Information provided:
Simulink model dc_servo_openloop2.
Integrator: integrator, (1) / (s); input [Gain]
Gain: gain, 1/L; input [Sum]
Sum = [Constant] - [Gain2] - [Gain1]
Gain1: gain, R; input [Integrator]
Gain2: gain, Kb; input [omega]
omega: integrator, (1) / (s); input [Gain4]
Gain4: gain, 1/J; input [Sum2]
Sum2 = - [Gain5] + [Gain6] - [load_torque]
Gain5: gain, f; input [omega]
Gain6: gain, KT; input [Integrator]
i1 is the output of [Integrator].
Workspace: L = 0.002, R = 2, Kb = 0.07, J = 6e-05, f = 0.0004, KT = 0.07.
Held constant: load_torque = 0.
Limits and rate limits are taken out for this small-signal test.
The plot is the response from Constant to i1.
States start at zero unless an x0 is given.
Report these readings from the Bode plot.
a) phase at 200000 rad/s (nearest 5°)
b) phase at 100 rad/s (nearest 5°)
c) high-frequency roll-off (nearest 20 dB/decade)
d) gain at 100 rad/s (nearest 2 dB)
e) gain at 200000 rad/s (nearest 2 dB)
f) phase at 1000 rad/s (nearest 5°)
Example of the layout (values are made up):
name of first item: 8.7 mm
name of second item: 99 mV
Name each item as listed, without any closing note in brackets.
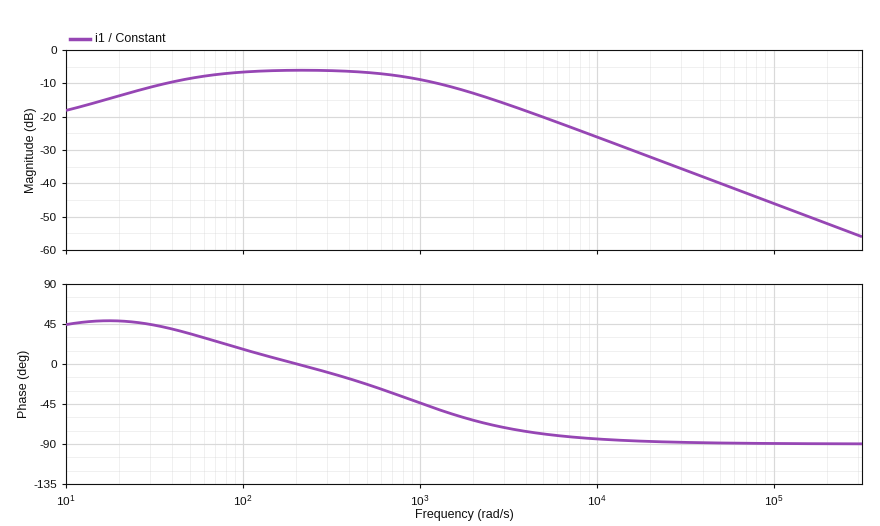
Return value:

What is being asked:
Print the listing exactly, but skip its pictures.

Solution for this task:
Simulink model dc_servo_openloop2.
Integrator: integrator, (1) / (s); input [Gain]
Gain: gain, 1/L; input [Sum]
Sum = [Constant] - [Gain2] - [Gain1]
Gain1: gain, R; input [Integrator]
Gain2: gain, Kb; input [omega]
omega: integrator, (1) / (s); input [Gain4]
Gain4: gain, 1/J; input [Sum2]
Sum2 = - [Gain5] + [Gain6] - [load_torque]
Gain5: gain, f; input [omega]
Gain6: gain, KT; input [Integrator]
i1 is the output of [Integrator].
Workspace: L = 0.002, R = 2, Kb = 0.07, J = 6e-05, f = 0.0004, KT = 0.07.
Held constant: load_torque = 0.
Limits and rate limits are taken out for this small-signal test.
The plot is the response from Constant to i1.
States start at zero unless an x0 is given.
Report these readings from the Bode plot.
a) phase at 200000 rad/s (nearest 5°)
b) phase at 100 rad/s (nearest 5°)
c) high-frequency roll-off (nearest 20 dB/decade)
d) gain at 100 rad/s (nearest 2 dB)
e) gain at 200000 rad/s (nearest 2 dB)
f) phase at 1000 rad/s (nearest 5°)
Example of the layout (values are made up):
name of first item: 8.7 mm
name of second item: 99 mV
Name each item as listed, without any closing note in brackets.
Return value:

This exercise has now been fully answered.